A lot of coffee companies are focusing on the quality of their products, with single-origin coffees (sourced from a specific region and not blended with others) being one of the popular options. Italian brand Lavazza has recently launched its single-origin coffee pod, while Indian brand Sleepy Owl is trying specialty offerings that “don’t require numerous brewing equipment”, says Ajai Thandi, the brand’s co-founder. It offers filter coffee bags that can be dipped in hot water, eliminating the need for a French Press or Mocha Pot.

“Indian consumers who love quality are interested in supporting sustainability and organic products,” says Sherri Johns, a global coffee expert and consultant of more than 40 years. “India is only slightly behind the global market in consuming countries per capita. And the evolution of specialty coffee leads to the development of farmers, roasters, baristas, and consumers.”

sherri johns_araku coffee_04238 (1) Sherri Johns, a global coffee expert and consultant for over 40 years

Araku Coffee is an Indian specialty coffee brand that opened its first café in Paris. Araku Valley, in Andhra Pradesh, is one of the world’s finest coffee-producing regions, and Araku Coffee was started as a livelihood project for local tribal populations, by ensuring profits for the farmers and quality for consumers through regenerative agriculture. “Around 2012-13, we realised that India was not ready for our kind of coffee, so we focussed on B2B marketing in Japan, South Korea, and France at very high prices. In 2015, we decided to open our first retail café in Paris,” says Manoj Kumar, founder, Araku Coffee.

The brand has consistently scored ratings of 92 out of 100 from the Specialty Coffee Association of America (SCAA), which is a first for any coffee from India, adds Kumar, who launched the brand in India in 2019. “Last year in Paris, many people told me that before trying Araku Coffee, they thought India is just known for tea and that Araku has redefined India for them,” says Kumar. “That’s how the hard work of the adivasis and the strength of agriculture is redefining India worldwide. It’s time that more Indians experience the fine quality coffee our country produces.”

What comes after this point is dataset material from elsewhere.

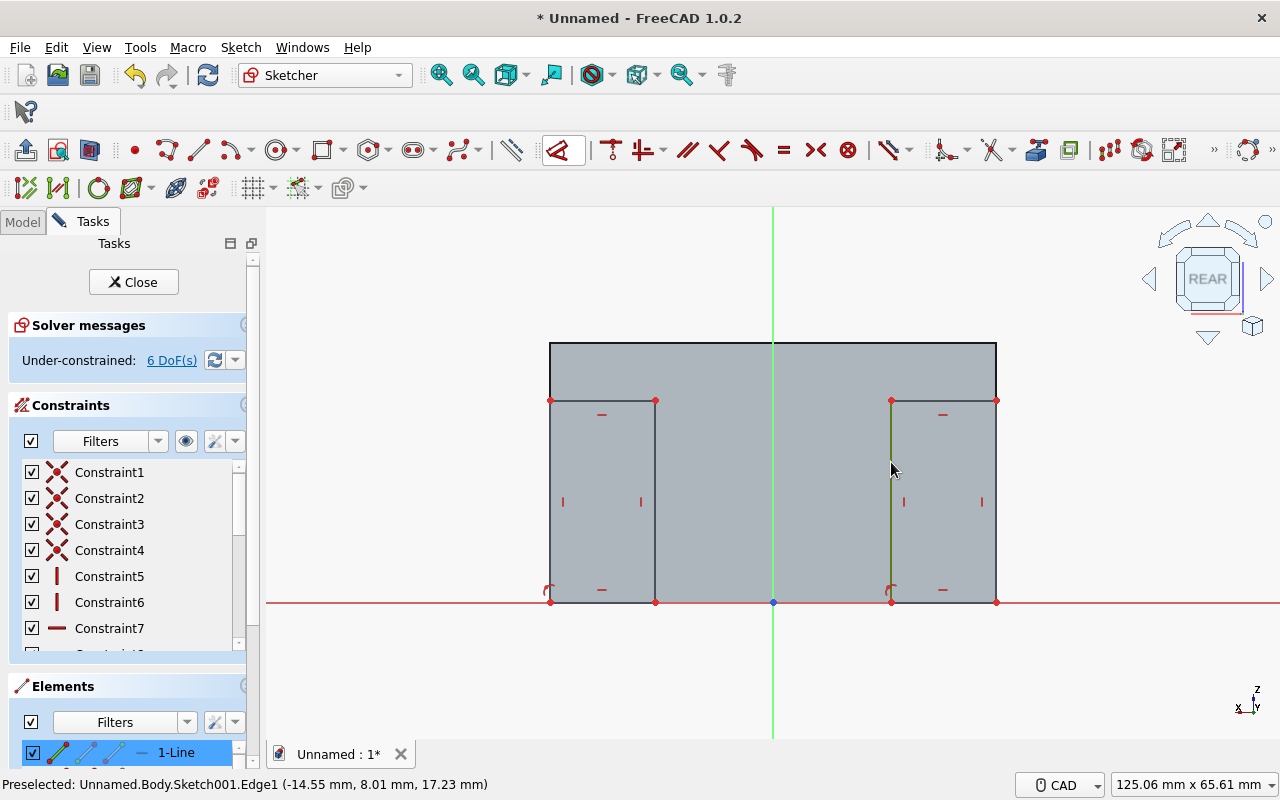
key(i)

Founders of these new Indian coffee brands feel there is a huge gap between India’s potential to produce fine-quality coffee and the awareness about it. Consequently, they are coming up with tutorials, workshops, and challenges for customers to experiment with coffee and brewing tools. For instance, Maverick & Farmer organised a 21-day cold brew session, while Araku Coffee organises tasting sessions. “We are constantly competing with the huge budgets and marketing muscle of instant coffee brands. We’re still so used to just putting a teaspoon of coffee in a mug and whipping it up with water and creating 10 viral videos, rather than taking the time to brew a nicely roasted cup of coffee,” says Sreeram.

However, the Covid-19 outbreak has been “a blessing in disguise”, says Kumar, as it led to a spike in coffee consumption, and artisanal brands witnessed a manifold increase in sales.

 coffee farmer family (killo sibboAraku Coffee was started as a livelihood project for local tribals by ensuring profits for the farmers
Courtesy: Araku Coffee

“Working and schooling at home created a new need for coffee and brewing equipment. There has been growth in home-brewing confidence, whereas before the pandemic most people took their coffee out. Once we can move freely again, people will return to cafes. However, home consumption will remain high with consumers’ newfound confidence,” adds Johns. “The future lies in specialty coffee, with smaller lots of distinction fetching higher prices.”